In Hamill’s study of the many shades of femininity and masculinity, Seward is by far the least compelling character. A hopeless mansplainer who unironically announces, “I hate a lecture,” he is the butt of countless flimsy jokes and the center of an unconvincing journey toward redemption, joining forces with Mina and Van Helsing in a sequence that feels hollow and forced.

It’s hard not to wonder how the mesmerizingly unpredictable Pierce might have embodied a more layered version of Seward. But, like all the actors, he meshes beautifully with the play’s visual splendor, which was crafted by a platoon of peerless theater artisans, including director Marissa Wolf, lighting designer Carl Faber, and scenic designer Diggle.

It’s a privilege to see Dracula illuminated behind a translucent dark screen, like a far-off spectral presence in a nightmare, or a silhouetted Van Helsing framed against a vast crimson backdrop that promises giddy war (a promise kept with aplomb). Few Portland theater companies merge the epic and the arty like Portland Center Stage, whose productions often earn the right to be called blockbusters.

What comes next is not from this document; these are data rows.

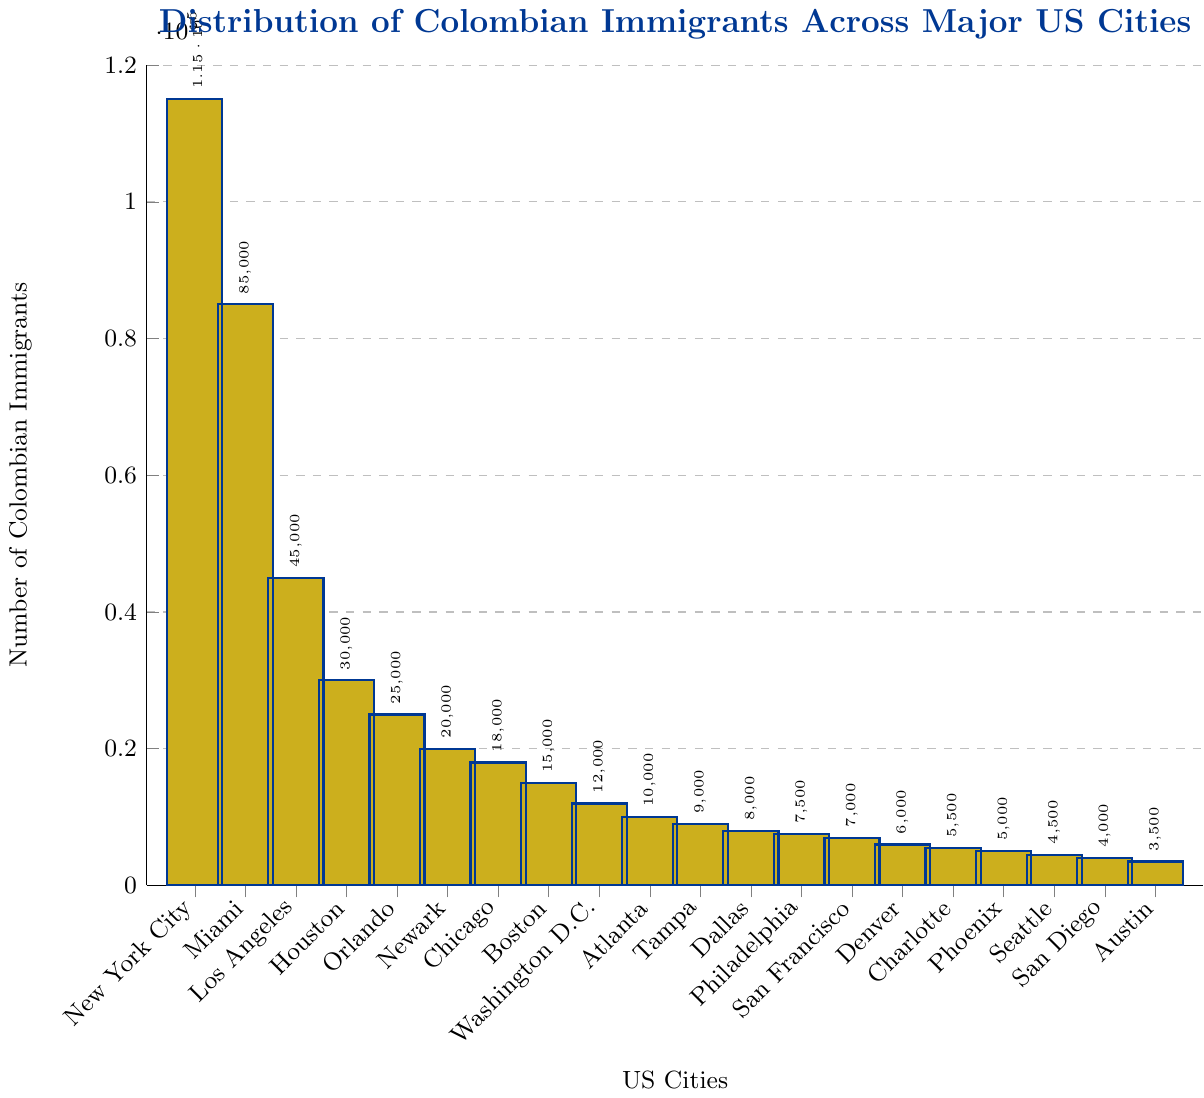What is the city with the highest number of Colombian immigrants? The tallest bar represents New York City, indicating it has the highest number of Colombian immigrants at 115,000.
Answer: New York City Which city has more Colombian immigrants: Miami or Los Angeles? Comparing the height of the bars for Miami and Los Angeles, Miami's bar is higher with 85,000 immigrants compared to Los Angeles' 45,000.
Answer: Miami What is the combined number of Colombian immigrants in Houston and Orlando? The bar for Houston shows 30,000 immigrants and the bar for Orlando shows 25,000. Adding these gives 30,000 + 25,000 = 55,000.
Answer: 55,000 How many more Colombian immigrants are there in New York City compared to Atlanta? New York City has 115,000 immigrants while Atlanta has 10,000. The difference is 115,000 - 10,000 = 105,000.
Answer: 105,000 What percentage of the total number of Colombian immigrants reside in New York City, if the total number is calculated? First, sum all the immigrant numbers: 115,000 + 85,000 + 45,000 + 30,000 + 25,000 + 20,000 + 18,000 + 15,000 + 12,000 + 10,000 + 9,000 + 8,000 + 7,500 + 7,000 + 6,000 + 5,500 + 5,000 + 4,500 + 4,000 + 3,500 = 460,000. The percentage for New York City is (115,000 / 460,000) * 100 ≈ 25%.
Answer: 25% Which city has the lowest number of Colombian immigrants, and how many? The shortest bar represents Austin, indicating it has the lowest number of Colombian immigrants at 3,500.
Answer: Austin, 3,500 Compare the sum of Colombian immigrants in the top 3 cities (New York City, Miami, Los Angeles) and the sum of the bottom 3 cities (San Diego, Austin, Denver). Which sum is greater and by how much? The sum of the top 3: 115,000 (NYC) + 85,000 (Miami) + 45,000 (LA) = 245,000. The sum of the bottom 3: 4,000 (San Diego) + 3,500 (Austin) + 6,000 (Denver) = 13,500. The difference is 245,000 - 13,500 = 231,500.
Answer: Top 3 cities by 231,500 
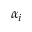<formula> <loc_0><loc_0><loc_500><loc_500>\alpha _ { i }</formula> 
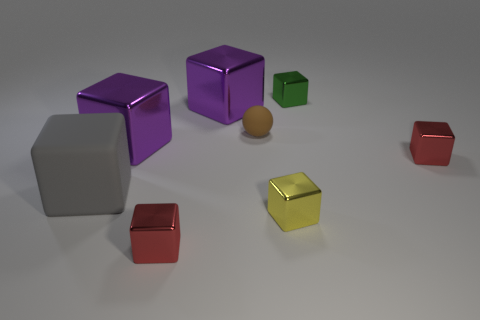Subtract all tiny yellow metallic blocks. How many blocks are left? 6 Subtract all red cubes. How many cubes are left? 5 Subtract 6 cubes. How many cubes are left? 1 Subtract all blocks. How many objects are left? 1 Subtract all green balls. How many gray cubes are left? 1 Add 1 purple shiny cubes. How many objects exist? 9 Subtract all green balls. Subtract all brown cubes. How many balls are left? 1 Subtract all brown matte objects. Subtract all large yellow metal cubes. How many objects are left? 7 Add 4 big things. How many big things are left? 7 Add 6 blue metal objects. How many blue metal objects exist? 6 
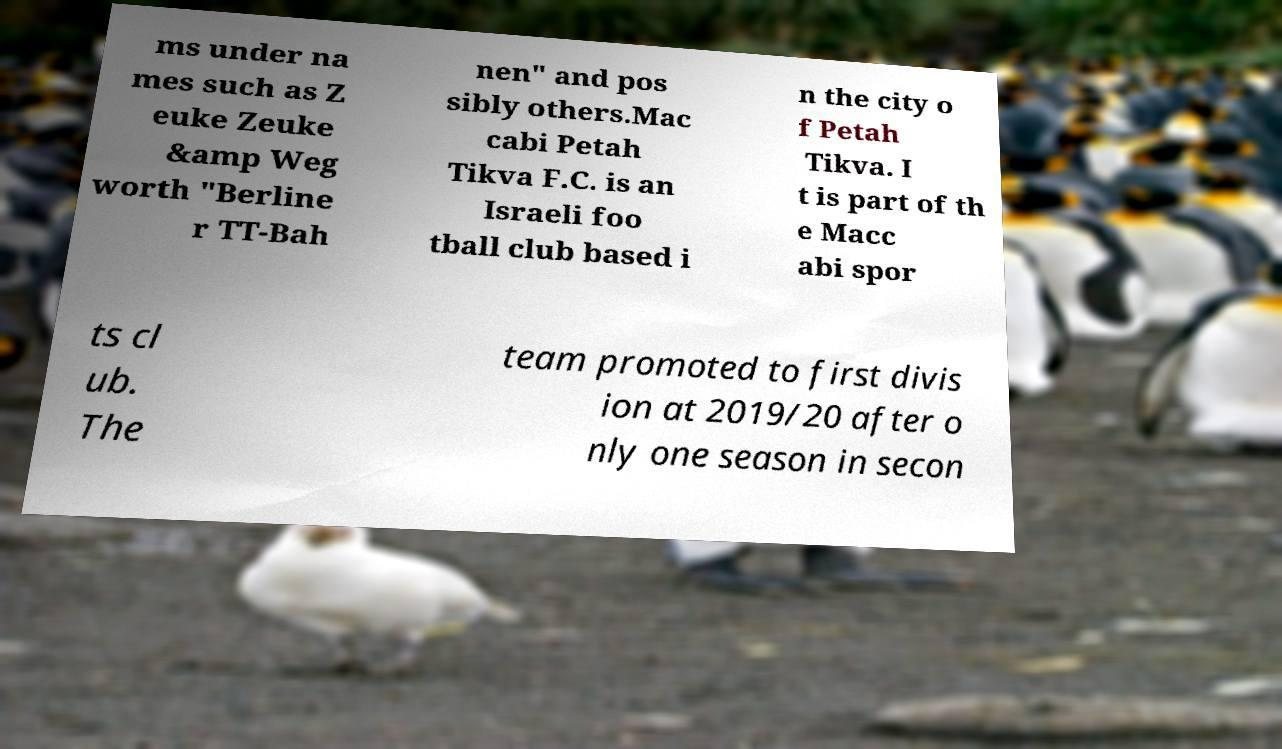For documentation purposes, I need the text within this image transcribed. Could you provide that? ms under na mes such as Z euke Zeuke &amp Weg worth "Berline r TT-Bah nen" and pos sibly others.Mac cabi Petah Tikva F.C. is an Israeli foo tball club based i n the city o f Petah Tikva. I t is part of th e Macc abi spor ts cl ub. The team promoted to first divis ion at 2019/20 after o nly one season in secon 
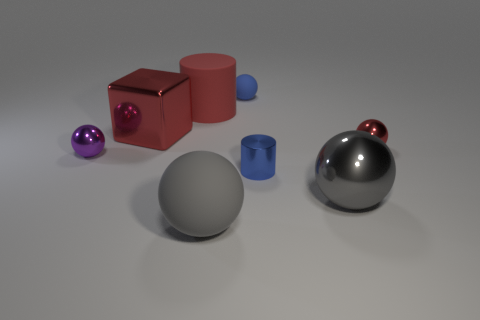Subtract all red balls. How many balls are left? 4 Subtract all blue balls. How many balls are left? 4 Subtract all green balls. Subtract all blue cylinders. How many balls are left? 5 Add 2 tiny purple objects. How many objects exist? 10 Subtract all cubes. How many objects are left? 7 Subtract 1 red spheres. How many objects are left? 7 Subtract all tiny things. Subtract all big gray things. How many objects are left? 2 Add 7 big gray spheres. How many big gray spheres are left? 9 Add 6 blue matte blocks. How many blue matte blocks exist? 6 
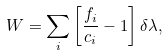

The night I saw Dracula, an electrical issue triggered the fire alarm, temporarily delaying the production. But dark wonderment swiftly eclipsed unease as the show started with minimal fuss, welcoming us into its shadowy world. It turns out that vampires, vampire hunters and theater artists all live by the same creed: The show must go on.

SEE IT: Dracula: A Feminist Revenge Fantasy, Really plays at Portland Center Stage, 128 NW 11th Ave., 503-445-3700, pcs.org. 7:30 pm Wednesday-Sunday, 2 pm Saturday-Sunday and select Thursdays, through Dec. 24. Tickets start at $25.